Весна, он болеет, 56-летний, и уже называет и потом ясно назовет эти недели сном. Как во сне, он старается устроиться поудобнее на постели, чтобы не повернуться как-то неудобно, вредно. Сон как ил, вязкий и затягивает. Но как раз он и питает – не писателя, упаси Господи, а зверя, которого потянул запах сырого свежего, счастья. Он бродит, он бредит о счастье, он тонет во сне и в иле, и это как оборотная необходимая сторона силы и счастья. Ты спишь, проснуться не можешь? Ну поспи еще. Страшно? А ты не бойся. Держи ум во аде и не отчаивайся. – Вот его самый пошлый, прозаический день, утро после больной ночи, его окружают как всегда дети, маленькие ближе, большие дальше, в гостях у него Василий Иванович Орлов, в следующем году он тридцатисемилетний умрет, основатель земской статистики, на классические книги которого, в основном по Московской губернии, ссылаются Ленин и Маркс, птицы высокого полета, очень рано и далеко вырвавшиеся из ила, парившие в космических высотах идей. Толстой ползет в семейной обыденности – и среди выноса ночных горшков заговаривает о счастье. Что бы это могло вообще-то значить. Простым перебиранием лексики он вроде бы не занимался никогда.

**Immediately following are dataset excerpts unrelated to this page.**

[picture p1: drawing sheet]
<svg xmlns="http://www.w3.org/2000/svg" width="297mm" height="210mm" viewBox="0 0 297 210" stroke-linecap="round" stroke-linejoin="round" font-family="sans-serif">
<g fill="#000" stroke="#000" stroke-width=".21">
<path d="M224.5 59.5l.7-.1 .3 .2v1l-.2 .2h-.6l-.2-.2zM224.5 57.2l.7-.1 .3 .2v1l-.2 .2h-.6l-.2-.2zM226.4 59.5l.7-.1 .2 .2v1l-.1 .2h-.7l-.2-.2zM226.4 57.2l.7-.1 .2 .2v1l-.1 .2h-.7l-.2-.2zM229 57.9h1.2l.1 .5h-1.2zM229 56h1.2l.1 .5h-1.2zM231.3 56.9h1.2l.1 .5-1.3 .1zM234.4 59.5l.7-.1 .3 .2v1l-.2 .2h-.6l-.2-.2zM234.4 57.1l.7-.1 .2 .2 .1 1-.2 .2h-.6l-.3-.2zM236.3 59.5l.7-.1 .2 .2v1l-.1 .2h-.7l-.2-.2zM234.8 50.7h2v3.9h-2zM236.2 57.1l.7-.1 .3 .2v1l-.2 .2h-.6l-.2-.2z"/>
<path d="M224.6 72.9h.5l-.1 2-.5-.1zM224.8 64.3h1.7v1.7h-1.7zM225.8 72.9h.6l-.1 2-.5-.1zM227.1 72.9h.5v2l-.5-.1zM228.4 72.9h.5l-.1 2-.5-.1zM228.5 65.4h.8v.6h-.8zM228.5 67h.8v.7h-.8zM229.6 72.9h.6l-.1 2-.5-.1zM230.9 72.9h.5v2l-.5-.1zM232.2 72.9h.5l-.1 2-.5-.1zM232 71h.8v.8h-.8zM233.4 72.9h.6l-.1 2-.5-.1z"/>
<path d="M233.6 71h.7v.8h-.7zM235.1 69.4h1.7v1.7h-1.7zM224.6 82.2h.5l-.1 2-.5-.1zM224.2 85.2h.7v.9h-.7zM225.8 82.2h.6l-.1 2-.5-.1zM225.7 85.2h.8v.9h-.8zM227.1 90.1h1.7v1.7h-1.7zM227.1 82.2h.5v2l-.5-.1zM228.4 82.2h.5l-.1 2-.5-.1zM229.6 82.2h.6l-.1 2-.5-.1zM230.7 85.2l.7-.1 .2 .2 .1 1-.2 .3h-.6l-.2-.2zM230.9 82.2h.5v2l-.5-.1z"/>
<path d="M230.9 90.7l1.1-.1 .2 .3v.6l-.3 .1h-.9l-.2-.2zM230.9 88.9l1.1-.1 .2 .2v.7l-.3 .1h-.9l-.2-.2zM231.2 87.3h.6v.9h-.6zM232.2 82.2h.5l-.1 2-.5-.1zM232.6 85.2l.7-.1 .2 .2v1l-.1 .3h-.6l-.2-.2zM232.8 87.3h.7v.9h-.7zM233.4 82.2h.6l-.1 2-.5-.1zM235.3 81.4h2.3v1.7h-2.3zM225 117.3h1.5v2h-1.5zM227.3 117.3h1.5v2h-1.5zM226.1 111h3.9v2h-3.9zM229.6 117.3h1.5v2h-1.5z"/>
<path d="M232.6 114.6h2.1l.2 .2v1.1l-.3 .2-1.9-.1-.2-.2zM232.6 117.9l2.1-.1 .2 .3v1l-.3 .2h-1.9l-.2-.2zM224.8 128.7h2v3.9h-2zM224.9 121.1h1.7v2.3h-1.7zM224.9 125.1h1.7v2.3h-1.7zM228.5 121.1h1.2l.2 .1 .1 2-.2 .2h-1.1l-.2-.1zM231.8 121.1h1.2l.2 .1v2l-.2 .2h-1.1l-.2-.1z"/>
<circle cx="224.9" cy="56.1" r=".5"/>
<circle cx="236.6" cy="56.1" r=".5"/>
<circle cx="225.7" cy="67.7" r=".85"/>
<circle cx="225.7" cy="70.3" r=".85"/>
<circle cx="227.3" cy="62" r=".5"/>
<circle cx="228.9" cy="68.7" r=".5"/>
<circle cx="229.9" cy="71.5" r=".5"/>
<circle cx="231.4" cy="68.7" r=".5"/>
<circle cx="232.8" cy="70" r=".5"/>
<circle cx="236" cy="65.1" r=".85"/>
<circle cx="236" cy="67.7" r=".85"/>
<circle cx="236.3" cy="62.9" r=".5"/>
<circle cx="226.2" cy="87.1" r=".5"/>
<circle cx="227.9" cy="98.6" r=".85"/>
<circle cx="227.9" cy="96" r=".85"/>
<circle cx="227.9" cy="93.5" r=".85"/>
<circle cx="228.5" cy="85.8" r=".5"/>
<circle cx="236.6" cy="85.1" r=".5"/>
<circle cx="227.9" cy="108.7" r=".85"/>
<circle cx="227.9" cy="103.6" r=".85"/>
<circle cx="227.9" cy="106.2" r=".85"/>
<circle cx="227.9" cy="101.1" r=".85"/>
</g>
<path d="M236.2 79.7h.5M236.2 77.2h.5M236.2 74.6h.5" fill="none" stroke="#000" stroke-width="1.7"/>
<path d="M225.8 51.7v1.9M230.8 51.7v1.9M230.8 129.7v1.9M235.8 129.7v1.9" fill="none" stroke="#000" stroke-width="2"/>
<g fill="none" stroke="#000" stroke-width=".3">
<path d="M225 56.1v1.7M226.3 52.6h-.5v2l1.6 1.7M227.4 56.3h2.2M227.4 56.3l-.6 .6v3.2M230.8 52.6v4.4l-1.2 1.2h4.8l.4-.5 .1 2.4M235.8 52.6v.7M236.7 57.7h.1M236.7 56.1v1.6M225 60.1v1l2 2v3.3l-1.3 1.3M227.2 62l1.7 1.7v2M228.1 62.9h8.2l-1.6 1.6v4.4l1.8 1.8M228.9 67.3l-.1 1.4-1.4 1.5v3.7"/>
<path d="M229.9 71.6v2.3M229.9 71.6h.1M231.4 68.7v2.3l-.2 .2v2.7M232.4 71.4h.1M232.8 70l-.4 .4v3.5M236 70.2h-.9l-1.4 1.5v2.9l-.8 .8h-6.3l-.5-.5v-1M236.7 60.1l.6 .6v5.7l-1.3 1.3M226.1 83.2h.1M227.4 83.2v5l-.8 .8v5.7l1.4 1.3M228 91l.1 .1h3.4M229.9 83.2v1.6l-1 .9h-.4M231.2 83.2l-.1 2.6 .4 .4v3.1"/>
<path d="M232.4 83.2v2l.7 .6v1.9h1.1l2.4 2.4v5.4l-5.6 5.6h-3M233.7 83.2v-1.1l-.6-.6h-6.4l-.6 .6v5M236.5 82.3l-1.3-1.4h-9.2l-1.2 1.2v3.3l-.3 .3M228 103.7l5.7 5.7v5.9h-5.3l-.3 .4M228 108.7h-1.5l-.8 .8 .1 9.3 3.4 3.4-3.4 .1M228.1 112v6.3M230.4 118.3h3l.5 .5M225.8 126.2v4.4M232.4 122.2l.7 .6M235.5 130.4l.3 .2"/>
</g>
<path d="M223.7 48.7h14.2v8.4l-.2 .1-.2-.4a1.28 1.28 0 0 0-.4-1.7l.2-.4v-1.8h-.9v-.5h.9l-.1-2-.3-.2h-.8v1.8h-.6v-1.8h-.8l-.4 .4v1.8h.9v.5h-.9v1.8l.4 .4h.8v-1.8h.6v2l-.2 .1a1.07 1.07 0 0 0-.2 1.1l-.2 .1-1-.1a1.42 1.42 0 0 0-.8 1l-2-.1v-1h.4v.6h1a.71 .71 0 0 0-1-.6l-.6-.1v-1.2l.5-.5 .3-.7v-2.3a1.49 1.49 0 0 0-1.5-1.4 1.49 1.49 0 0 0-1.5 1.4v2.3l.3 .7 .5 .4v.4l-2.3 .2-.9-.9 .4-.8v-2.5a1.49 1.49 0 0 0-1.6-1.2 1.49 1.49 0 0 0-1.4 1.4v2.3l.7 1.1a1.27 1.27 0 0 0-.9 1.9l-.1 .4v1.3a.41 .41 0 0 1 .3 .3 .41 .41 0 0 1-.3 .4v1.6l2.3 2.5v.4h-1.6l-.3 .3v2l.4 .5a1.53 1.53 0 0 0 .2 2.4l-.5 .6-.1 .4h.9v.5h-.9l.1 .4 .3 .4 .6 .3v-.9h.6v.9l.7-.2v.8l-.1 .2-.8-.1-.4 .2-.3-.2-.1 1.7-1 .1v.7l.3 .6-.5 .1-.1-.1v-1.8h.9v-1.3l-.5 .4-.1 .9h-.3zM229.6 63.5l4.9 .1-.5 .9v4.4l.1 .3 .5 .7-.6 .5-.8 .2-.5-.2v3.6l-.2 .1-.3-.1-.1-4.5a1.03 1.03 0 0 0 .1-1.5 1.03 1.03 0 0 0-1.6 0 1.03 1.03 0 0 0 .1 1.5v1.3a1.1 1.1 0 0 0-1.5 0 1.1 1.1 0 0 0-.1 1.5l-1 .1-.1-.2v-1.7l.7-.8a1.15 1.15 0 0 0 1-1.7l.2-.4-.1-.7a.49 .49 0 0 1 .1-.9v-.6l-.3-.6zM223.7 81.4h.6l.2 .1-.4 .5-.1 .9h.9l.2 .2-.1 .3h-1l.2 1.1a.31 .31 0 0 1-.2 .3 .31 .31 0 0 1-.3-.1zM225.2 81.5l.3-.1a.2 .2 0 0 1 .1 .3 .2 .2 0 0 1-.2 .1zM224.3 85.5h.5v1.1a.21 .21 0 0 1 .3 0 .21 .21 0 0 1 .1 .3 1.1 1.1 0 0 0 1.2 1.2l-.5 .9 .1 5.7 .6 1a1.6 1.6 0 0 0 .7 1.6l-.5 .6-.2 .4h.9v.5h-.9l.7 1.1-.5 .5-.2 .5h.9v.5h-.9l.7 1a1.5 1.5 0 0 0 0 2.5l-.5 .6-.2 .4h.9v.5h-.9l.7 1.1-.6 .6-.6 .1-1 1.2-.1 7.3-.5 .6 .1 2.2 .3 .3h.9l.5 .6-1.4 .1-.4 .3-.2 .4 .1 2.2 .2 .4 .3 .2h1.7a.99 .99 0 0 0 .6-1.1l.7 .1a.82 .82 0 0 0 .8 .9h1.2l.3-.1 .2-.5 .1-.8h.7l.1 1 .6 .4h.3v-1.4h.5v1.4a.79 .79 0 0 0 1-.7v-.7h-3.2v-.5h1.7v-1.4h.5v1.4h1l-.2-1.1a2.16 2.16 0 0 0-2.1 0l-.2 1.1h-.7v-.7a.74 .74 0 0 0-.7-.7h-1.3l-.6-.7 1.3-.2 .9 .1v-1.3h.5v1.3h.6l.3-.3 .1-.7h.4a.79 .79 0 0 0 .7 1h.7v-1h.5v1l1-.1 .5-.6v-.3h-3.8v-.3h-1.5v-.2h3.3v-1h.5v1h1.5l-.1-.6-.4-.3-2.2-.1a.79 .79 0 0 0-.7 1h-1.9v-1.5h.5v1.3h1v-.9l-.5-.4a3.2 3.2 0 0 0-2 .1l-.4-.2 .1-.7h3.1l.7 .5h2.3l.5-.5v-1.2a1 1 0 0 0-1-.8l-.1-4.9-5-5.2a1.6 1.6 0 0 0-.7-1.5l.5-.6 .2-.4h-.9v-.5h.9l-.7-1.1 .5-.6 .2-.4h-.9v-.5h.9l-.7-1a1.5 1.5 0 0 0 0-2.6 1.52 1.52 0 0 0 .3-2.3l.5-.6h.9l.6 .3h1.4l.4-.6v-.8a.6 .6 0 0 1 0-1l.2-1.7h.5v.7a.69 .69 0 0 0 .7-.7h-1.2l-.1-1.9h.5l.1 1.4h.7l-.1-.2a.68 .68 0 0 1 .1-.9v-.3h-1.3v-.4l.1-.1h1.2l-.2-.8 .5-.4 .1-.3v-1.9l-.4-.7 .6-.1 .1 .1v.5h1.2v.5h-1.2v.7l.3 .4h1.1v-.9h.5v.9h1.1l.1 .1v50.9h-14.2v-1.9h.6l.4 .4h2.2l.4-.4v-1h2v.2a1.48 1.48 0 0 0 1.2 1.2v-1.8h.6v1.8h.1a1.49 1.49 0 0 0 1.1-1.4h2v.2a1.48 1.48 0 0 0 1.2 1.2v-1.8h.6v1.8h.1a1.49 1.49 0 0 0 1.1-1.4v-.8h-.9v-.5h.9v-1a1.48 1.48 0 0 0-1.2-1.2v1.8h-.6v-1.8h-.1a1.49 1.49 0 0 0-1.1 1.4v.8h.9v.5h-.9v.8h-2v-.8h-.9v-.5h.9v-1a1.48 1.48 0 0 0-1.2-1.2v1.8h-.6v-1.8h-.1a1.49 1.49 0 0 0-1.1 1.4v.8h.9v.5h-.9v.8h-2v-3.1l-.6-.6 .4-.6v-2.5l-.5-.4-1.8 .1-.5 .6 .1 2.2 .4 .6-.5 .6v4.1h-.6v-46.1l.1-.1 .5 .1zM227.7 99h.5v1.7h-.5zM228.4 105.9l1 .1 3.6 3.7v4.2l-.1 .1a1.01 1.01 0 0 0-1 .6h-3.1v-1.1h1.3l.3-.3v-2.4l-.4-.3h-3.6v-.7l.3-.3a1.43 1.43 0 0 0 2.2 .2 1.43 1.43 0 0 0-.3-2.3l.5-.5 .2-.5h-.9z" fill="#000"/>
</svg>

Он и спит сейчас, просто буквально от боли в животе или просто от знания, что неспособен ничего хорошего сказать и сделать, ложится спать среди бела дня, только во сне старается, как уже говорилось, не делать вредных движений, чтобы не спохватиться, когда проснется, и во сне продолжает отмечать цифрами в дневнике промахи, провалы.
Надо быть сильным, или спать. Пришел Алчевский. Потом я пошел к Вольфу. Прикащик обижается, что я не снимаю шапки. А у меня зубы болят. Я не извинился (1). Пошел к Алчевской. Умная, дельная баба. Зачем бархат и на птицу похожа? Я напрасно умилился. (2) Дома тяжело. Заснул после обеда. (Там же)
И так тянутся недели, и он внутри этого несчастья строит свое счастье, и сон, погрязание в болоте, для него замена силе. Между тем приходит день, когда на деревьях распускаются почки. В городе он на это редко смотрит, но одно дело не смотреть, а как не чувствовать на всём своем теле.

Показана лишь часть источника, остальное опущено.